November 5th, 2016 | Jim Paulin, The Bristol Bay Times-Dutch Harbor Fisherman Print this article   Email this article  

The Bristol Bay red king crab season is moving at a fast pace, with most of the quota already harvested. While state regulators slashed quotas, a crab industry official says fishermen are seeing plenty of all species, and are expecting record high prices.

On Tuesday, the fleet had landed 7.5 million pounds, for 89 percent of the red king crab quota, according to the Alaska Department of Fish and Game in Unalaska. Only 18 boats were still registered, down from the peak of 62 vessels. The season opened on Oct. 15.

Fishermen were catching the crab faster, with an average per-pot haul of 37.4 crustaceans, up from last year's cpue of 32. CPUE is catch per unit of effort, or the number of crab in each heavy metal pot left soaking and baited on the ocean floor, and then hauled up on deck.

While the red king crab prices are expected at record highs, that's the one bright spot for the major crab fisheries in the Bering Sea. Tanner crab has been canceled because of conservation concerns. The snow crab quota was nearly cut in half, compared to last year.
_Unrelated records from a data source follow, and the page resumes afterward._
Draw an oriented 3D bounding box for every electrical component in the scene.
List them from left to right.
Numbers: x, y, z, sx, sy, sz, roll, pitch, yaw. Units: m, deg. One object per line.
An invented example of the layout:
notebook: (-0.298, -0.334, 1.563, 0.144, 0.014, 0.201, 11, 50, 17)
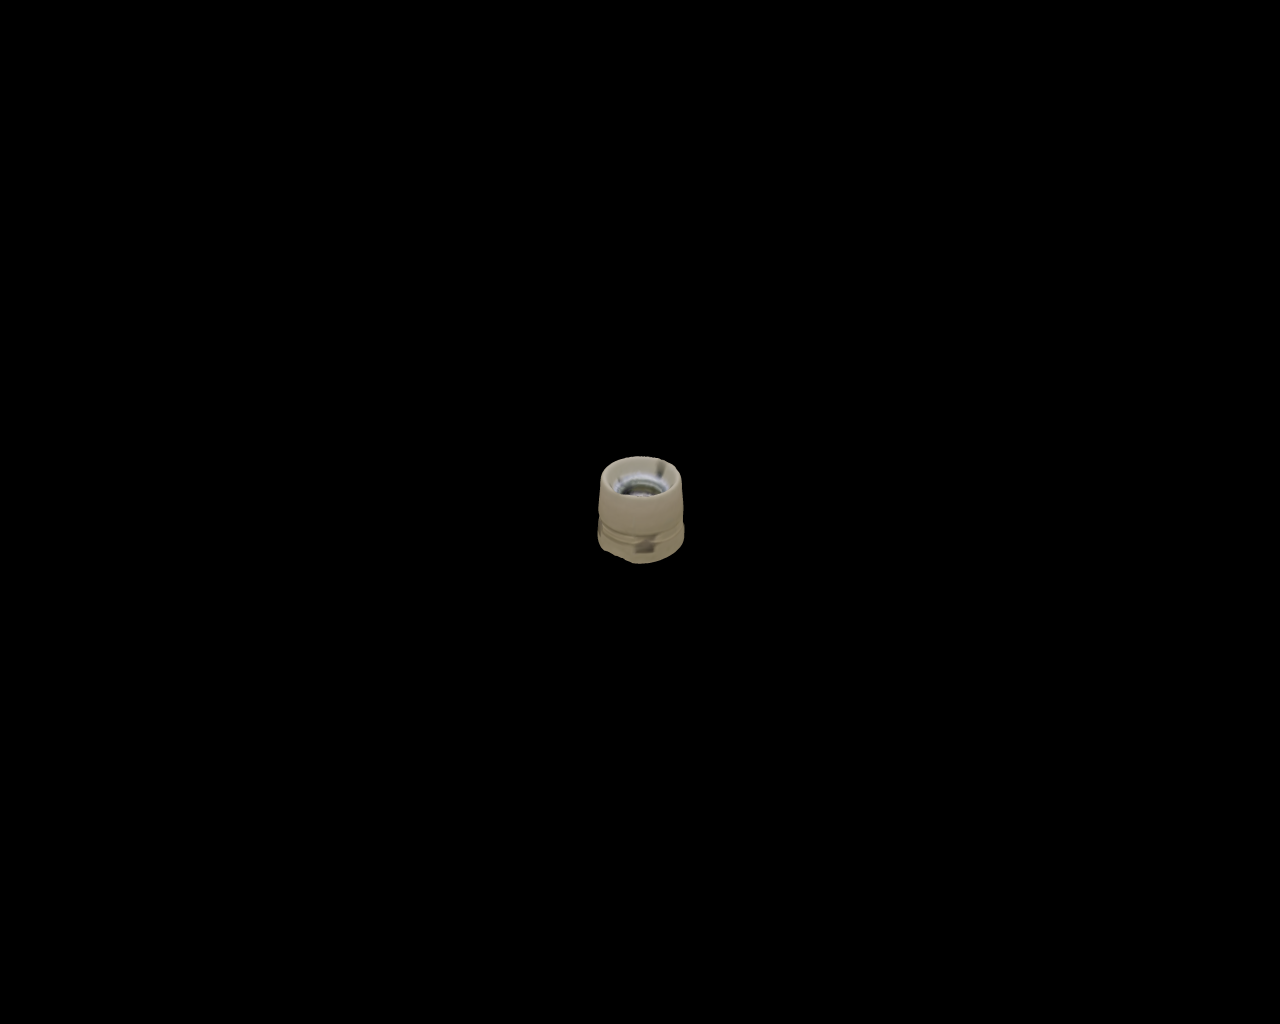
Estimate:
electrical component: (0.001, -0.003, 0.650, 0.055, 0.047, 0.055, 0, 34, 0)
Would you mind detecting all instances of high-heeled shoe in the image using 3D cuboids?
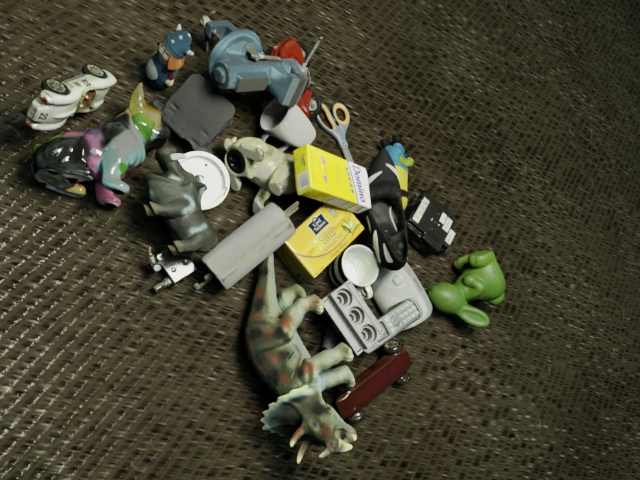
[{"bbox_3d":[0.139,-0.064,1.081,0.086,0.145,0.248,-3,94,-10],"label":"high-heeled shoe"}]

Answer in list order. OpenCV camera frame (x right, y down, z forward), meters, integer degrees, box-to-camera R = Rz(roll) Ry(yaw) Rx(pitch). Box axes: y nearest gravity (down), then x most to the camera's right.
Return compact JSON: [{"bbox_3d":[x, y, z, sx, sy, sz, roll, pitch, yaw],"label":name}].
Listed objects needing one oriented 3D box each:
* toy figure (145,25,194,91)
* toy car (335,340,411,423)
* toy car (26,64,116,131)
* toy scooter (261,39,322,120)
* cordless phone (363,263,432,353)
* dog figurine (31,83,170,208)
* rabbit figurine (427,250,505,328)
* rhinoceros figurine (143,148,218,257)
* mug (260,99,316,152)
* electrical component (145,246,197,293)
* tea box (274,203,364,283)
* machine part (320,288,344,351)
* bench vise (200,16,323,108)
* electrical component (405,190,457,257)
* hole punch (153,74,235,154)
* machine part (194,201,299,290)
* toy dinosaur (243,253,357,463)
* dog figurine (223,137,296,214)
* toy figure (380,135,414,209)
[{"bbox_3d":[-0.277,-0.328,0.981,0.064,0.154,0.058,42,57,-14],"label":"toy figure"},{"bbox_3d":[0.104,0.279,1.069,0.202,0.053,0.089,-30,111,-31],"label":"toy car"},{"bbox_3d":[-0.402,-0.231,0.872,0.056,0.073,0.202,40,28,-13],"label":"toy car"},{"bbox_3d":[-0.076,-0.341,1.147,0.135,0.075,0.183,-14,87,-30],"label":"toy scooter"},{"bbox_3d":[0.128,0.136,1.112,0.184,0.089,0.146,-31,92,-25],"label":"cordless phone"},{"bbox_3d":[-0.364,-0.174,0.919,0.191,0.108,0.219,19,62,-20],"label":"dog figurine"},{"bbox_3d":[0.325,0.121,1.224,0.170,0.121,0.159,-24,94,-14],"label":"rabbit figurine"},{"bbox_3d":[-0.236,-0.063,0.907,0.112,0.073,0.190,-25,92,-24],"label":"rhinoceros figurine"},{"bbox_3d":[-0.065,-0.225,1.111,0.107,0.081,0.109,29,96,-43],"label":"mug"},{"bbox_3d":[-0.259,0.037,0.945,0.102,0.045,0.078,-28,88,-32],"label":"electrical component"},{"bbox_3d":[-0.002,-0.003,1.087,0.098,0.068,0.169,50,59,-8],"label":"tea box"},{"bbox_3d":[0.036,0.171,1.074,0.084,0.039,0.139,30,61,-27],"label":"machine part"},{"bbox_3d":[-0.138,-0.356,1.033,0.223,0.128,0.241,-28,65,-34],"label":"bench vise"},{"bbox_3d":[0.252,-0.030,1.243,0.134,0.058,0.115,42,62,-12],"label":"electrical component"},{"bbox_3d":[-0.235,-0.239,1.030,0.142,0.092,0.116,44,87,-14],"label":"hole punch"},{"bbox_3d":[-0.130,0.011,0.979,0.243,0.079,0.079,-41,97,-14],"label":"machine part"},{"bbox_3d":[-0.064,0.197,0.958,0.192,0.131,0.405,-26,67,-22],"label":"toy dinosaur"},{"bbox_3d":[-0.084,-0.158,1.083,0.190,0.121,0.172,-37,98,-46],"label":"dog figurine"},{"bbox_3d":[0.165,-0.144,1.216,0.089,0.082,0.180,20,64,-22],"label":"toy figure"}]
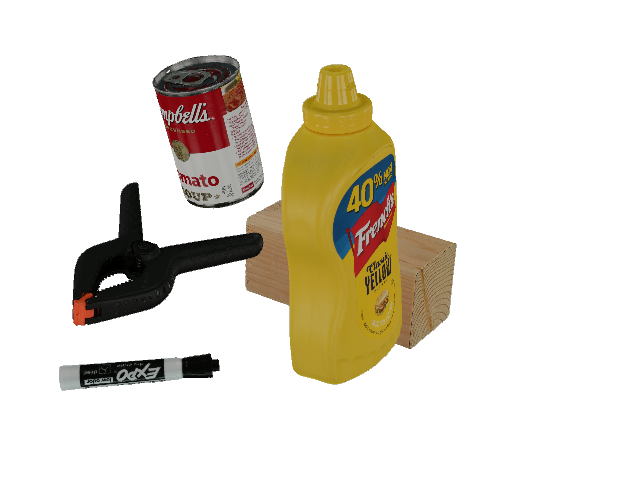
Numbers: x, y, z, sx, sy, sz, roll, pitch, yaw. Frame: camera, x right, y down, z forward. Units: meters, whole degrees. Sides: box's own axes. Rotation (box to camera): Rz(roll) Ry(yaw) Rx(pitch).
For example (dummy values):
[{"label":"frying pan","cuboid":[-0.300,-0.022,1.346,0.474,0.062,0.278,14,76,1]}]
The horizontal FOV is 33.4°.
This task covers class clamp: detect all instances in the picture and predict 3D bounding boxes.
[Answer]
[{"label":"clamp","cuboid":[-0.178,0.013,1.033,0.165,0.036,0.209,26,38,23]}]

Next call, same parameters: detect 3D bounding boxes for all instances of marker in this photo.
[{"label":"marker","cuboid":[-0.138,0.101,0.819,0.121,0.020,0.020,-4,0,-5]}]

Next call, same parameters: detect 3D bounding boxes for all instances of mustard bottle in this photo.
[{"label":"mustard bottle","cuboid":[0.014,-0.014,0.656,0.058,0.192,0.096,13,32,30]}]

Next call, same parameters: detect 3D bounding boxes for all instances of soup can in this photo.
[{"label":"soup can","cuboid":[-0.086,-0.085,0.838,0.068,0.102,0.068,-8,32,5]}]

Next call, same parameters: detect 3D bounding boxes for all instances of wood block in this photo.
[{"label":"wood block","cuboid":[0.029,0.029,1.133,0.206,0.091,0.090,18,30,29]}]
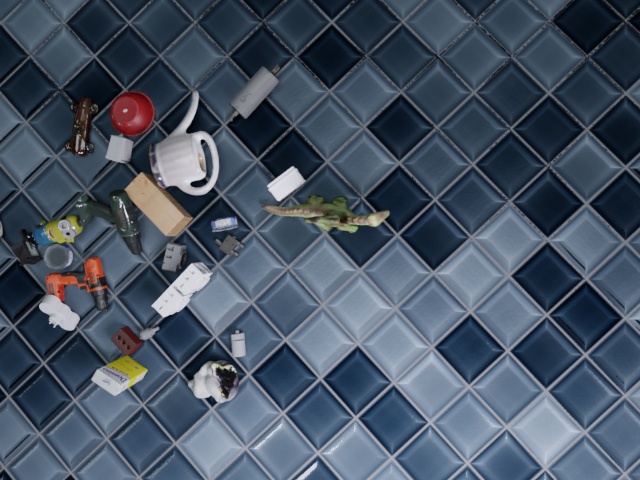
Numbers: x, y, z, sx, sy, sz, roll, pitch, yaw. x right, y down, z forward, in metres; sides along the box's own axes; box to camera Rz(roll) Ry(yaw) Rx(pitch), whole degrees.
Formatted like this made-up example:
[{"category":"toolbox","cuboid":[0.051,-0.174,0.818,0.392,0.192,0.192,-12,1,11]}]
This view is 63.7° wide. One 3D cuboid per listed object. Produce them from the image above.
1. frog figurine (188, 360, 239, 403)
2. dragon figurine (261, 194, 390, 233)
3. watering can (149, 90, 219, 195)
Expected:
[{"category":"frog figurine","cuboid":[-0.341,0.461,1.659,0.157,0.125,0.137,-33,95,39]},{"category":"dragon figurine","cuboid":[0.005,-0.079,1.580,0.410,0.243,0.122,2,94,3]},{"category":"watering can","cuboid":[-0.455,-0.307,1.696,0.224,0.103,0.350,-14,82,3]}]

The combined quotas dropped from about 70 million pounds last year, to about 30 million. Tanner went from 19 million pounds to zero. Snow crab went from 40.6 million to 21.5 million pounds.

Fishermen, though, are reporting "the most crab they've seen in years," said Jake Jacobsen, executive director of the Intercooperative Exchange, representing crab boats. "There seems to be a disconnect between the summer survey and what's actually on the grounds."

And some boats had cpues way above average, filling pots with 60 to 70 crab, leaving fishermen "scratching their heads" and wondering why they weren't given bigger quotas, Jacobsen said. And the future should be good too, as fishermen saw abundant female and undersize crab, he said.

Prices won't be settled until later in the year, or even January, but they should be very good, said Jacobsen, attributing the anticipated increase to the opening up of markets in China, and for all crab species.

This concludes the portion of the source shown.